The Mudcat Café TM
Thread #52843   Message #814481
Posted By: Malcolm Douglas
30-Oct-02 - 12:08 PM
Thread Name: Lyr Add: The Buck's Elegy (corrupt text?)
Subject: RE: BUCK'S ELEGY -- A corrupt text?
Knowing where material was quoted from really does help. In this case, Lloyd quotes two verses of The Unfortunate Rake, selected because the previous song discussed was The Flash Lad, which also ends with a military-style funeral. He then comments, "This song was heard in Dublin in the 1790s". He doesn't give a source for the two verses quoted, but there's no particular reason to think that he is saying that those two verses in particular are from 1790s Dublin; merely that the song in general can be traced back that far. The same superficial ambiguity occurs in the notes to the Sedley collation mentioned earlier, and has, as we have seen, led to some confusion.

So far as I know, (not having seen the Lomax book) the dating to 1790 derives initially from Patrick Weston Joyce; in his Old Irish Folk Music and Songs (1909) he reproduces one stanza, with tune, noting "From Mr. W. Aldwell of Cork ("Dec. 17, 1848"), who heard air and song sung in Cork about the year 1790. He remembered one verse of the song, which, as Forde remarks, is curious for the absense of rhyme".

My jewel, my joy, don't trouble me with the drum
Sound the dead march as my corpse goes along;
And over my body throw handfuls of laurel,
And let them all know that I'm going to my rest.

Distant memory is not always the best way of dating songs; really, all we have here is hearsay. It seems that the same tune was printed in Crosby's Irish Musical Repository in 1808 (ref. David Atkinson, The Unfortunate Rake, in Root and Branch no.1, 1999) but that doesn't necessarily mean that it belonged to the Unfortunate Rake at that time. Only someone who has seen the book could tell us more about that.

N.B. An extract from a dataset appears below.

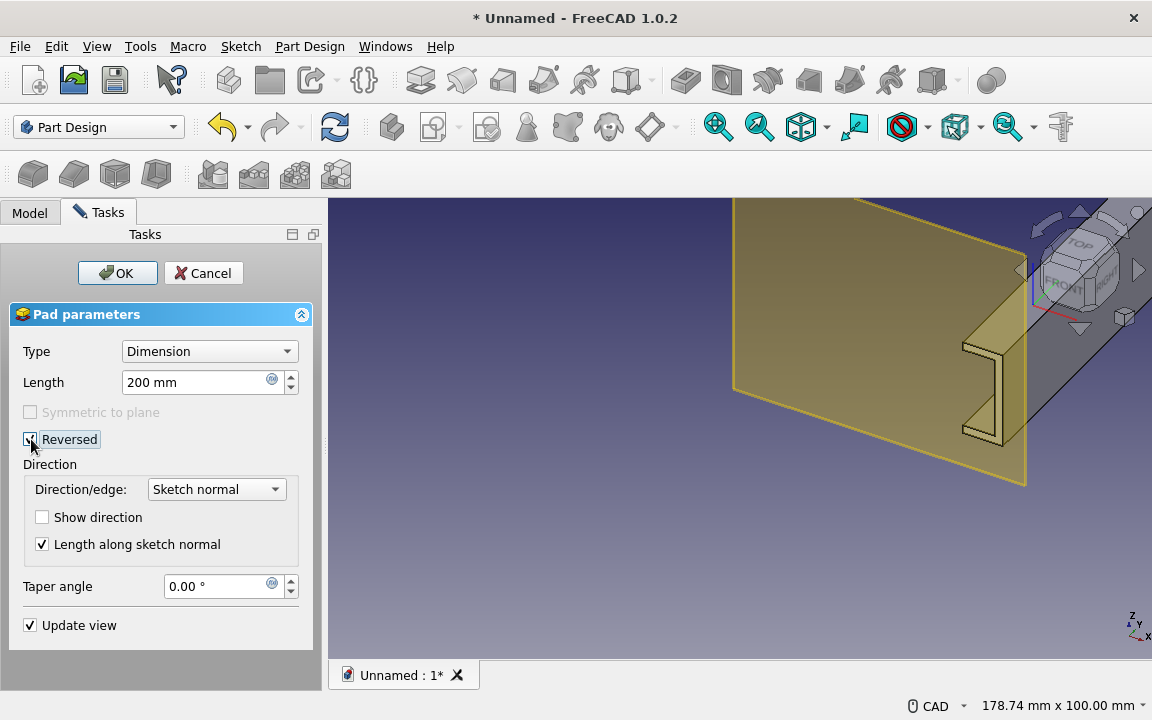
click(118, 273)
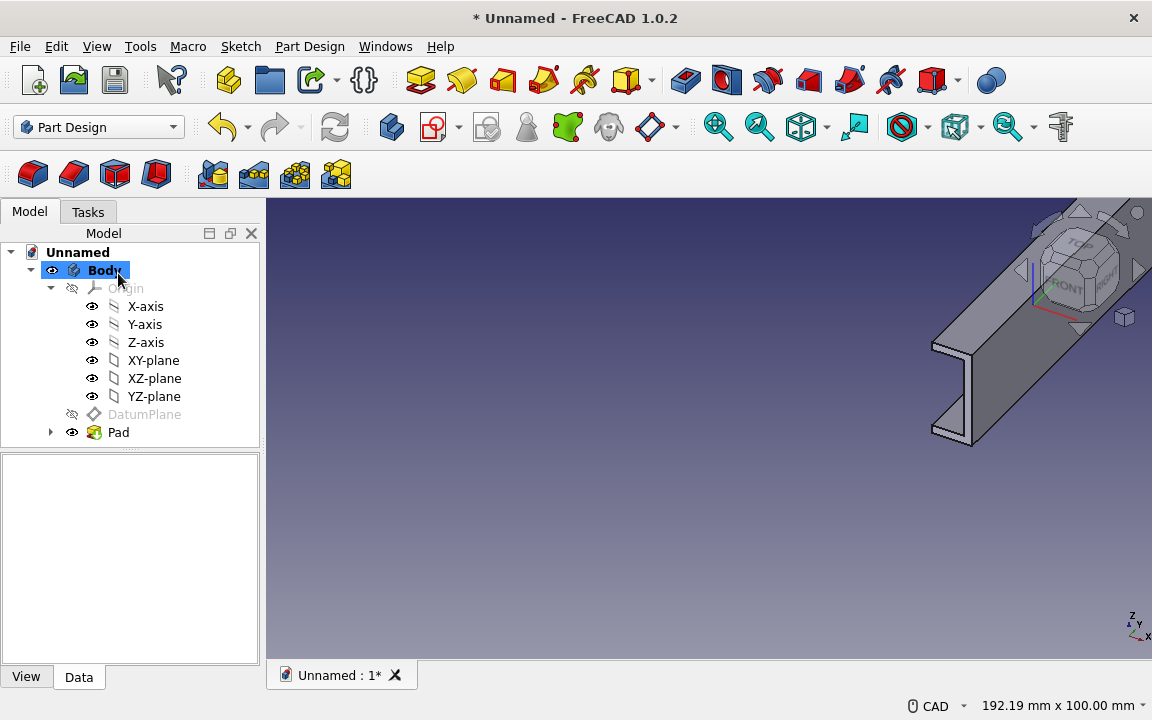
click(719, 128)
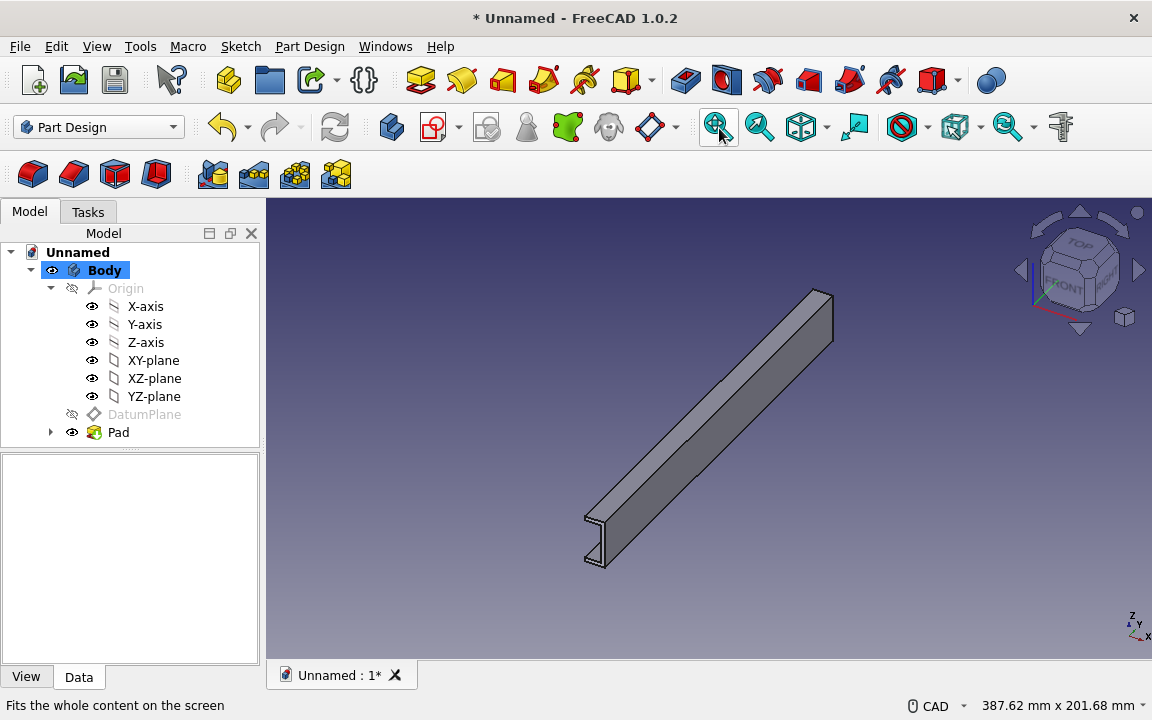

When I Was On Horseback, incidentally, was recorded by Peter Kennedy from the traveller Mary Doran, near Belfast in July (according to Kennedy; the Roud Index gives it as August) 1952. It appears to be the only example found of that particular branch, which may have to be considered -unless someone comes up with another- a dead-end for your purposes.